The sale of EY’s consulting business to French IT services company Capgemini in 2000 was a “value destroying” move, with culture shock and an unexpected economic downturn leading to mass job cuts less than two years after the deal, according to former leaders at both firms.
New attention is being paid to the two-decade-old transaction, due to the revelation that EY has called in investment banks JPMorgan and Goldman Sachs to advise on a possible listing or sale of its consulting business.
Capgemini (then Cap Gemini) purchased the consulting arm of EY in 2000.
The troubled aftermath of the sale offers lessons for EY’s current partners as they contemplate splitting the firm. Veterans of both firms say that the sale in 2000 was hurt by a combination of incompatible corporate cultures, an economic downturn, and shares that unexpectedly lost most of their value while in lock-up.
Looking back, the main winners out of the deal were the EY audit partners who managed to get some payment for the sale of the consulting arm and began rebuilding their consulting businesses after the expiry of a five-year non-competitive clause with Capgemini.
In March 2000, Cap Gemini (now Capgemini) paid $US11 billion for the 18,000-strong Ernst & Young (now EY) consulting business. By January 2002, tumbling sales and profits led to Cap Gemini’s leaders cutting 9 per cent of its 60,000-strong workforce, with many of the highly paid EY partners targeted as part of the exercise.
“It felt very exciting initially for the consulting partners. It would be a brave new world, we would make lots of money, everything was good,” said Andrew Keene, a partner at EY who moved to Cap Gemini as part of the deal.
“It soured quite quickly. Cap Gemini was a French-run corporate where decisions were made far away, plus you had the dotcom downturn.”
An article from the Information section of January 3, 2002, edition of The Australian Financial Review.
An article, “Cap Gemini cuts staff after merger flop” from the January 3, 2002, edition of The Australian Financial Review stated that “the honeymoon was brief” for the combined co-operation.
“Profits at Cap Gemini Ernst & Young are set to fall by more than half this year, to $US154 million on sales of $US8.1 billion, as the firm’s clients slash tech spending in the face of a global economic slowdown,” the article stated.
The organisation had already “slashed 9 per cent of its 60,000-strong workforce” and was about to embark on a “new round of 2500 lay-offs and other cost-saving measures”.
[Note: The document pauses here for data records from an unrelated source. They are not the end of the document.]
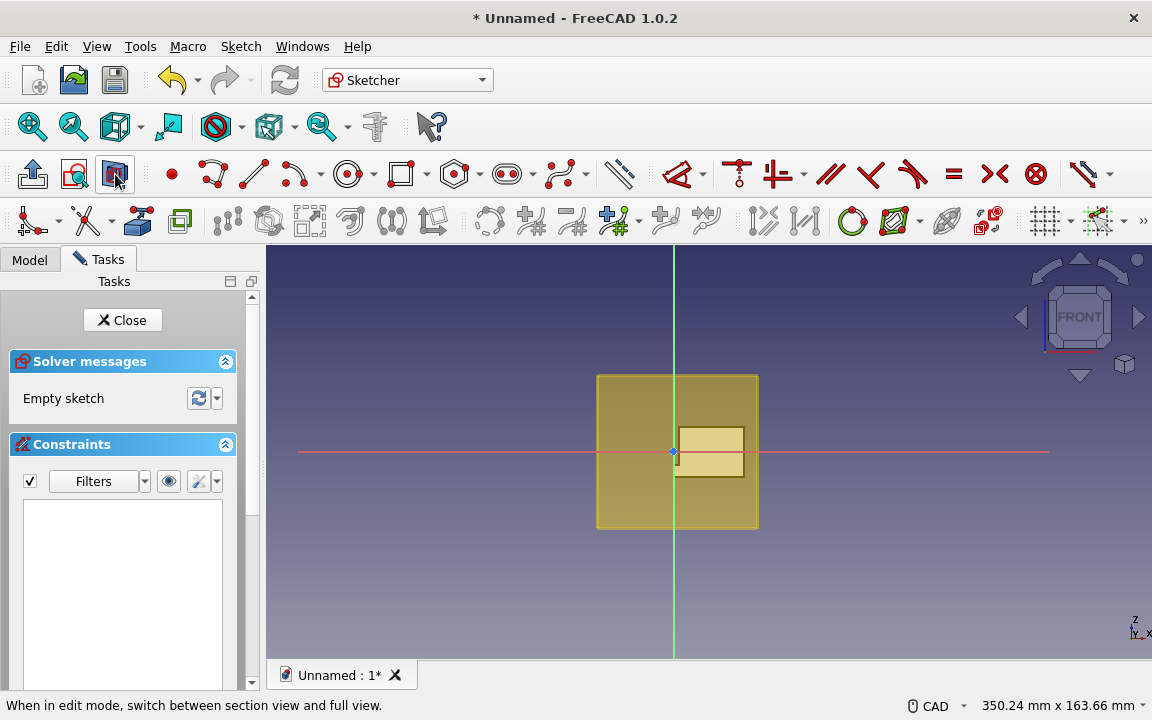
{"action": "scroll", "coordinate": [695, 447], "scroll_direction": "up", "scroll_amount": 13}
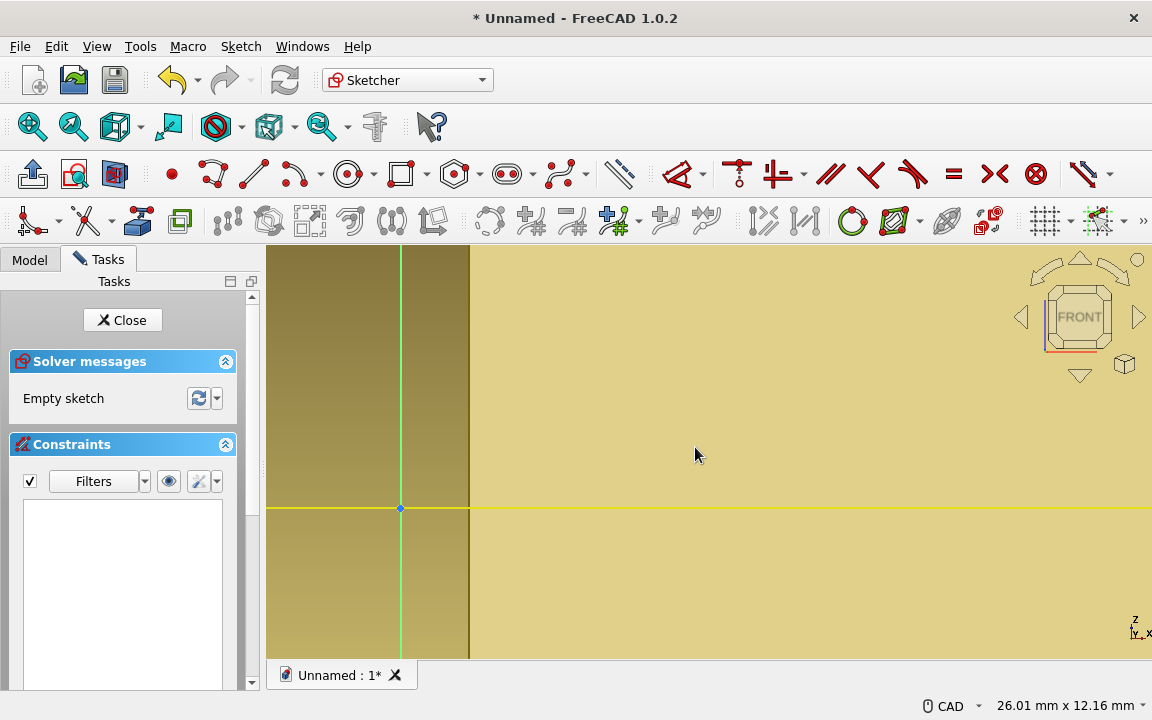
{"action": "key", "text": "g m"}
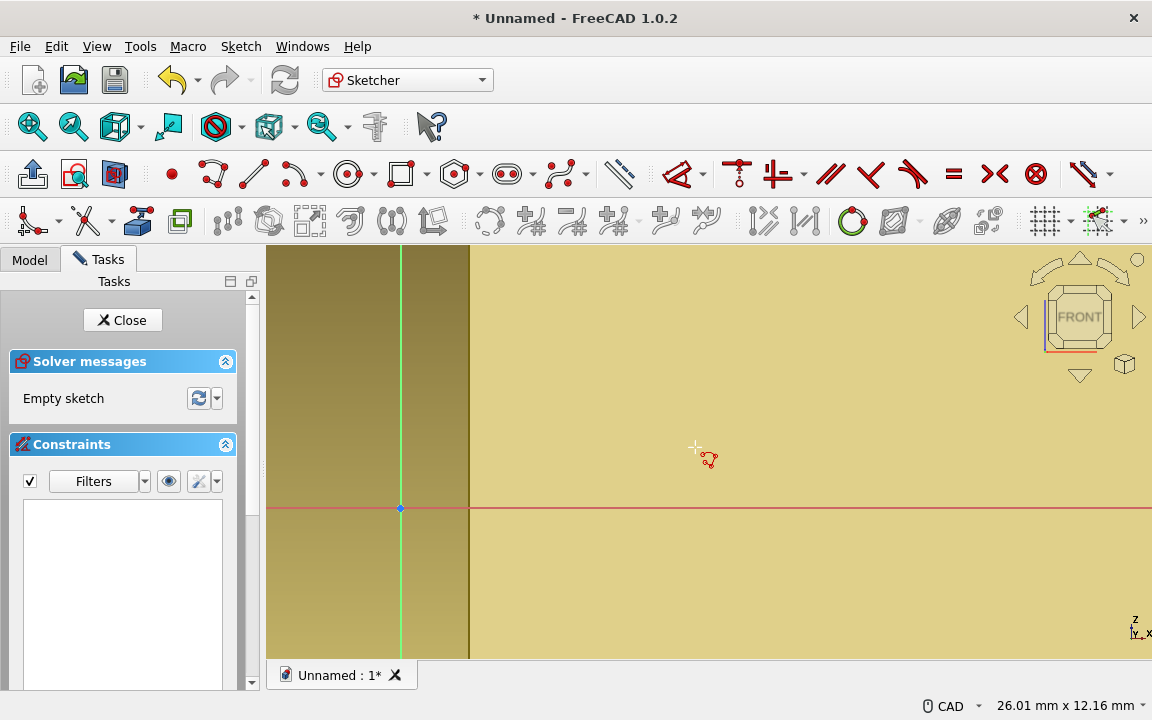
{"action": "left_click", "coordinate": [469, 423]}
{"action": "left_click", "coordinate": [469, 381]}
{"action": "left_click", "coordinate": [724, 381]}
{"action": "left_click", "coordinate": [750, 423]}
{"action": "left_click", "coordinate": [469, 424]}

Mr Keene said the French company had a “focus on quarterly results and they realised the quickest way to save money was to fire the overpaid EY partners”.
“The problem was they were the people who were generating the business. The EY partners were the guys bringing the business in and when they got rid of us they got rid of their business development [sales] people.”
Another former EY and Capgemini partner said the deal had been “value destroying” for the shareholders in the French company.
The former partner said the French company was very transaction-based, while the EY consultants were relationship-based professionals with contacts across the corporate landscape. He did not want to be named for fear of upsetting his previous colleagues.
Former EY partners also spoke about how the payday from the sale was hurt because they were paid in Capgemini shares.
At the time, EY partners received a set number of shares determined by their rank within the firm, with senior partners receiving parcels worth millions of dollars.
However, the terms of the deal dictated that only a portion could be sold when the deal was struck, with the remaining unable to be sold for more than four years.
By the time that lock-up period ended, the remaining shares had lost about 80 per cent of their value, the former partners said.
The then audit-only EY quickly rebuilt its consulting arm once the non-compete clause ended.
In a Financial Review article from 2018, an EY senior partner described how the local arm of the firm had already built up a consulting business of 150 partners and staff.
“Re-entry to this market really happened in 2006, when we established a small team of partners … our approach is to offer a higher level of advice from seasoned professionals, rather than improvising bodies for assignments.”